MSc Bioinformatics and Systems Biology

Computational methods are increasingly used in all areas of biology in order to better understand complex living systems and develop models that generate testable predictions. This unit introduces a range of computational techniques, including differential equations, machine learning, network and constraint-based analysis, which are used for a wide range of biomedical and biotechnological applications, from understanding how intracellular signalling pathways are disrupted in diseases to redesigning organisms by metabolic engineering.

This unit aims to introduce students to a wide range of computational methods and tools required to carry out interdisciplinary research in the biological sciences.

The unit will start with an introduction to the Python programming language. Students will be introduced to the Jupyter Notebook system, a widely used online application allowing the development of code for data analysis and numerical simulation.  

The core of the unit will be structured along four main sections, each covering a particular set of techniques and applications:

Section 1: Dimensionality reduction and clustering

• Dimensionality reduction: Principal Component Analysis (PCA) and interactive plotting with applications to visualising single-cell expression data.
• Clustering: hierarchical k-means and mixture model clustering.
• Non-linear dimensionality reduction methods: GPLVM and t-SNE for non-linear dimensionality reduction and visualisation of single-cell data.

Section 2: Models of large cellular systems

• Network reconstruction and analysis: protein-protein interaction networks, metrics for network analysis, integration of high-throughput biological data.
• Logical modelling: Boolean models, logical steady state analysis, applications to cancer systems.
• Constraint-based modelling of metabolic networks.

Section 3: Dynamic models

• Introduction to differential equations-based modelling.
• Modelling gene regulatory pathways: gene transcription and cellular signalling pathways.

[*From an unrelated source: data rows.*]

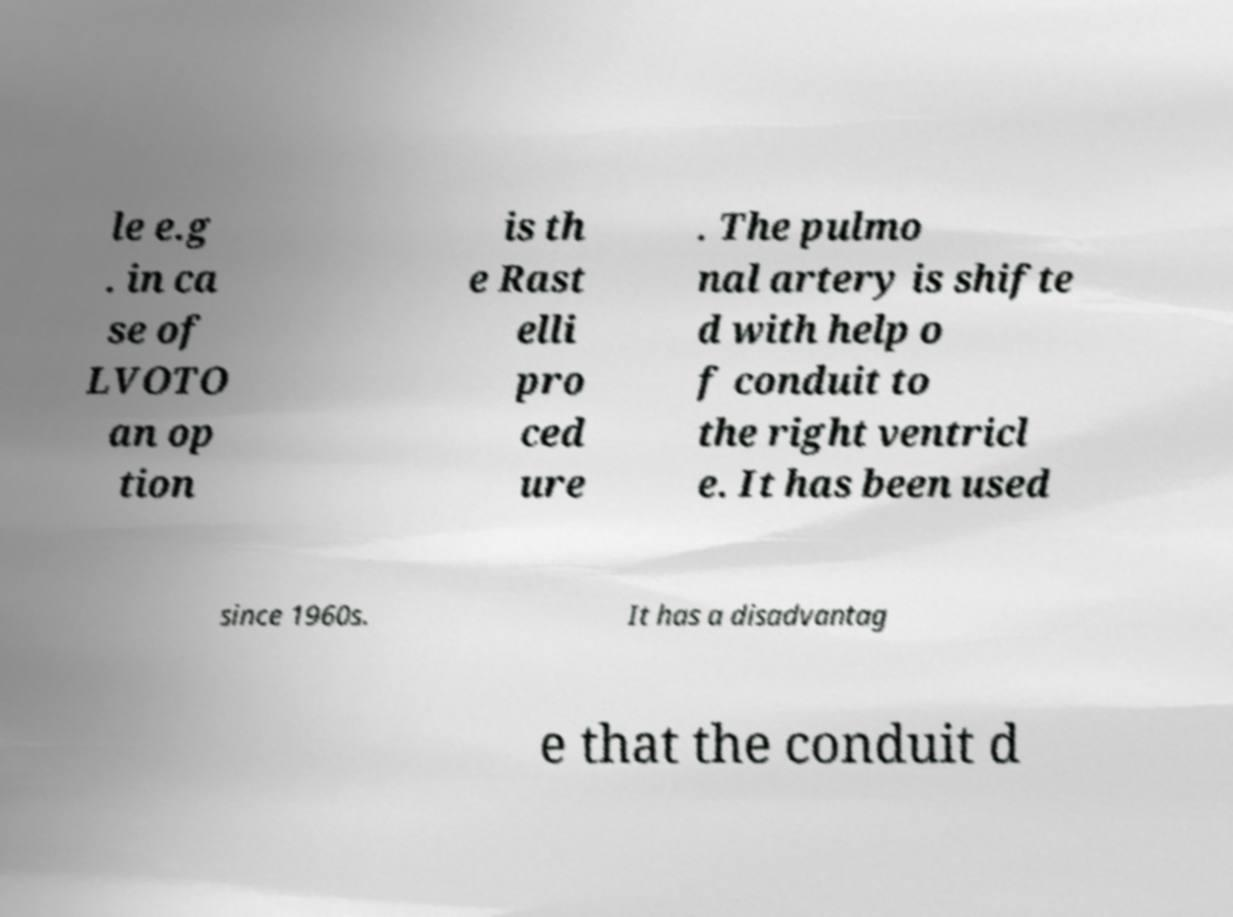I need the written content from this picture converted into text. Can you do that? le e.g . in ca se of LVOTO an op tion is th e Rast elli pro ced ure . The pulmo nal artery is shifte d with help o f conduit to the right ventricl e. It has been used since 1960s. It has a disadvantag e that the conduit d 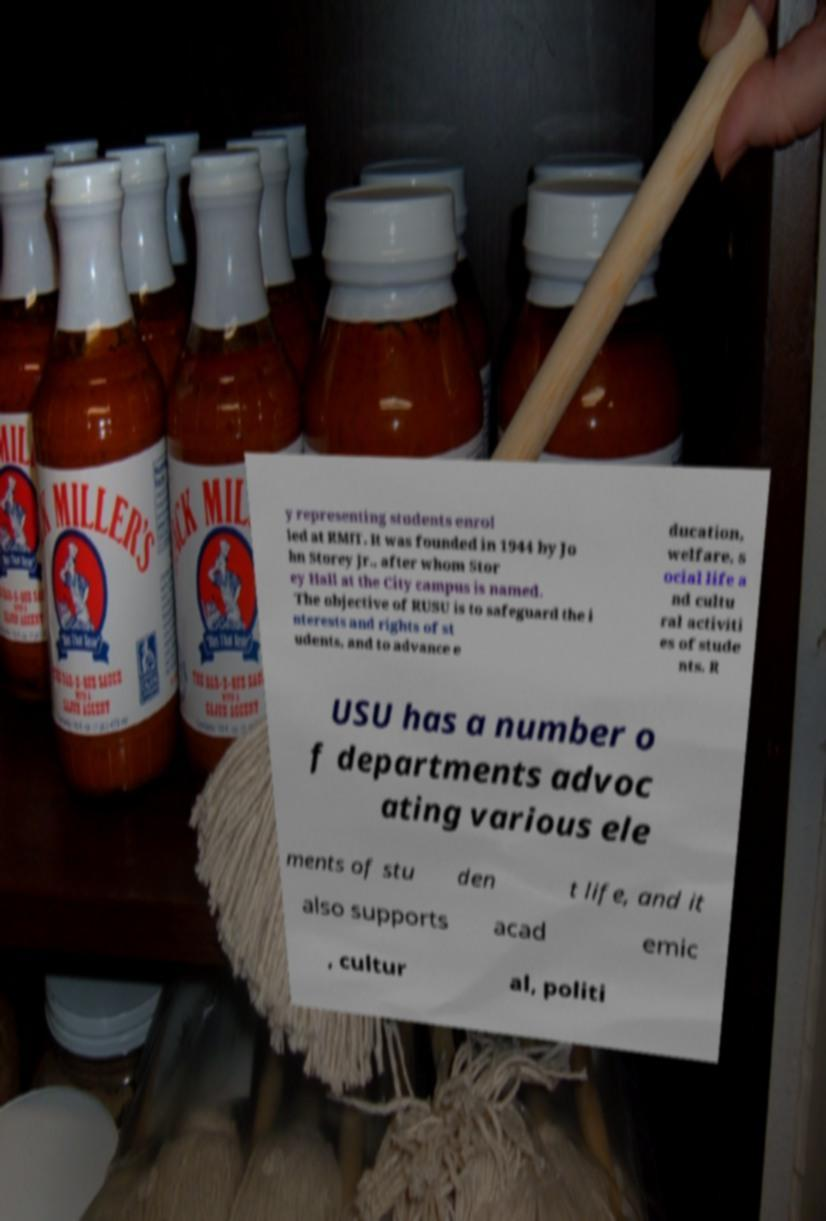Please identify and transcribe the text found in this image. y representing students enrol led at RMIT. It was founded in 1944 by Jo hn Storey Jr., after whom Stor ey Hall at the City campus is named. The objective of RUSU is to safeguard the i nterests and rights of st udents, and to advance e ducation, welfare, s ocial life a nd cultu ral activiti es of stude nts. R USU has a number o f departments advoc ating various ele ments of stu den t life, and it also supports acad emic , cultur al, politi 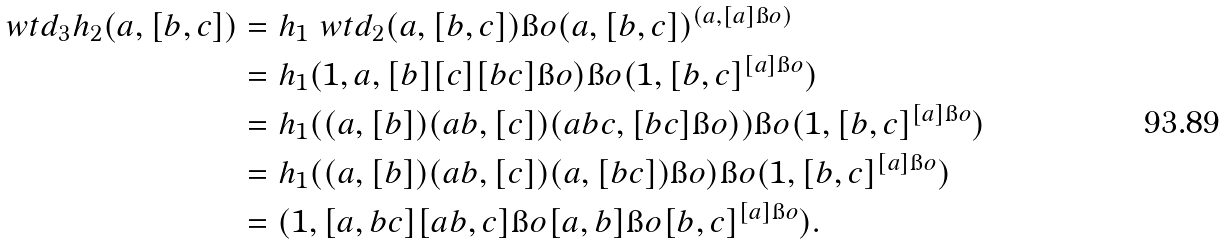<formula> <loc_0><loc_0><loc_500><loc_500>\ w t d _ { 3 } h _ { 2 } ( a , [ b , c ] ) & = h _ { 1 } \ w t d _ { 2 } ( a , [ b , c ] ) \i o ( a , [ b , c ] ) ^ { ( a , [ a ] \i o ) } \\ & = h _ { 1 } ( 1 , a , [ b ] [ c ] [ b c ] \i o ) \i o ( 1 , [ b , c ] ^ { [ a ] \i o } ) \\ & = h _ { 1 } ( ( a , [ b ] ) ( a b , [ c ] ) ( a b c , [ b c ] \i o ) ) \i o ( 1 , [ b , c ] ^ { [ a ] \i o } ) \\ & = h _ { 1 } ( ( a , [ b ] ) ( a b , [ c ] ) ( a , [ b c ] ) \i o ) \i o ( 1 , [ b , c ] ^ { [ a ] \i o } ) \\ & = ( 1 , [ a , b c ] [ a b , c ] \i o [ a , b ] \i o [ b , c ] ^ { [ a ] \i o } ) .</formula> 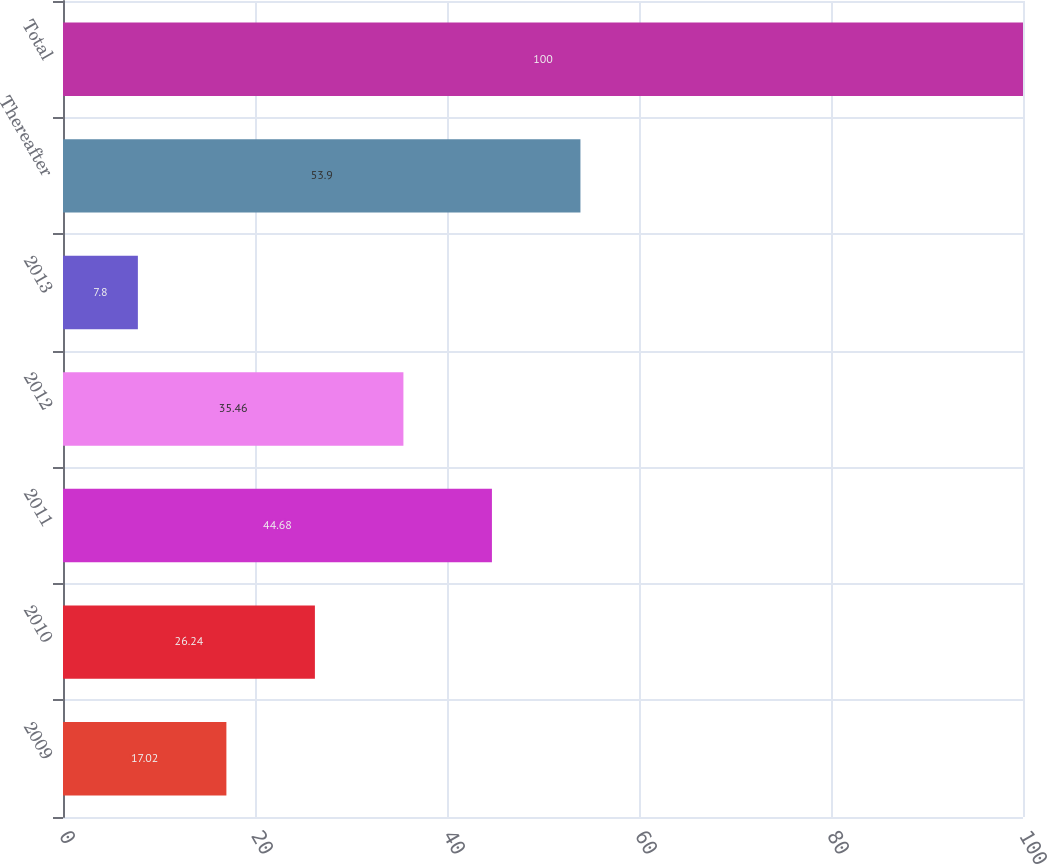<chart> <loc_0><loc_0><loc_500><loc_500><bar_chart><fcel>2009<fcel>2010<fcel>2011<fcel>2012<fcel>2013<fcel>Thereafter<fcel>Total<nl><fcel>17.02<fcel>26.24<fcel>44.68<fcel>35.46<fcel>7.8<fcel>53.9<fcel>100<nl></chart> 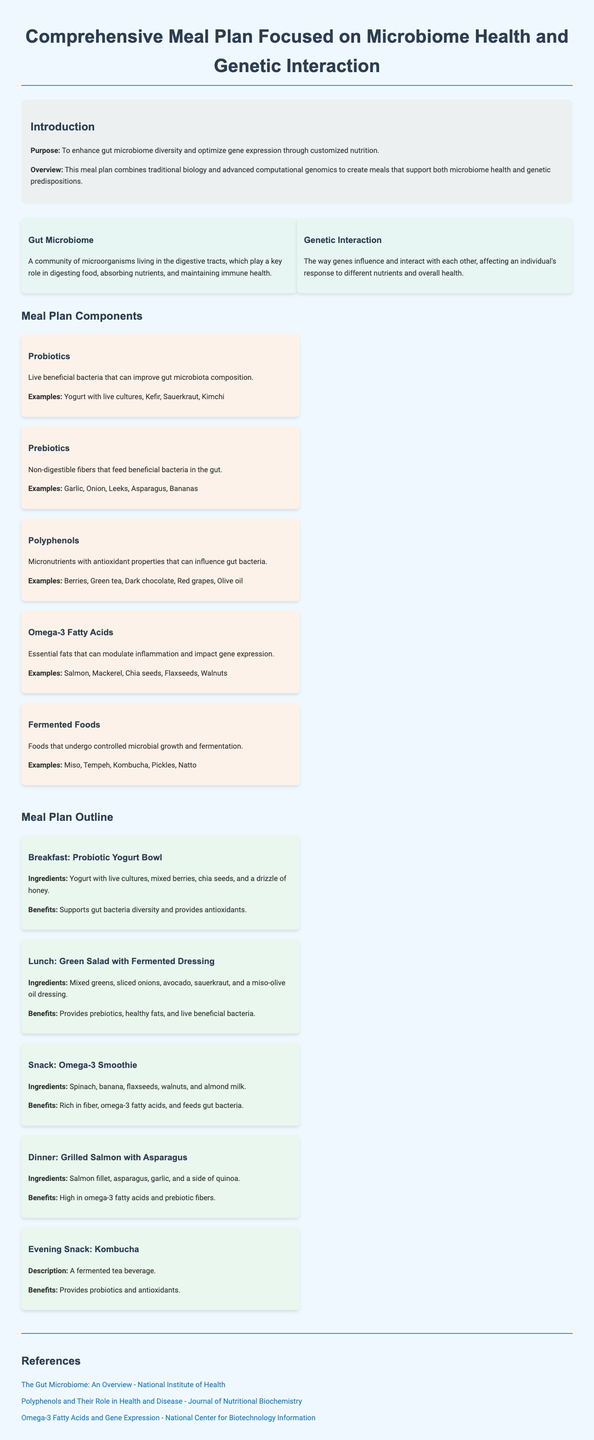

Section 4: Next-generation sequencing  

• Next-generation sequencing I: from laboratory experiments to computational analysis.
• Next-generation sequencing II: RNA-seq workflow. 

The unit will be delivered as a succession of lectures (1 hour) and practical sessions (2 hours), where each lecture will introduce the theory behind a method/tool, and students will apply the method/tool to solve a particular biological problem in the practical.

Students will be assessed by completing four written assessments, one for each of the main sections of the unit. These assessments will consist of a series of short questions and mini-project reports, some of which will require some computer code to be written. 

Students should:

• Understand essential mathematical concepts required for biological research.  
• Understand and apply differential equations modelling of intracellular systems.
• Understand and apply constraint-based modelling of metabolic systems.
• Understand and apply network analysis and logical modelling of molecular systems.
• Understand and apply data analysis and machine learning methods.  
• Understand the applications and limitations of different modelling techniques and tools.
• Understand and use RNA-sequencing data analysis methods. 

Students should: 

• Develop problem-solving skills.
• Construct models and design experiments to test biological hypotheses.

Students should: 

• Use the Python language and develop models using the Jupyter Notebook system.
• Construct models of signalling, regulatory and metabolic systems.
• Infer computational models from biological data.

Students should: 

• Develop computational skills.
• Develop report writing skills.
• Learn to communicate computational results.

Four online modules worth 25% each

Verbal feedback will be communicated during the practical sessions.

Written feedback will be communicated through annotated comments for each online assessment and report submission.

Specific material will be provided with each lecture.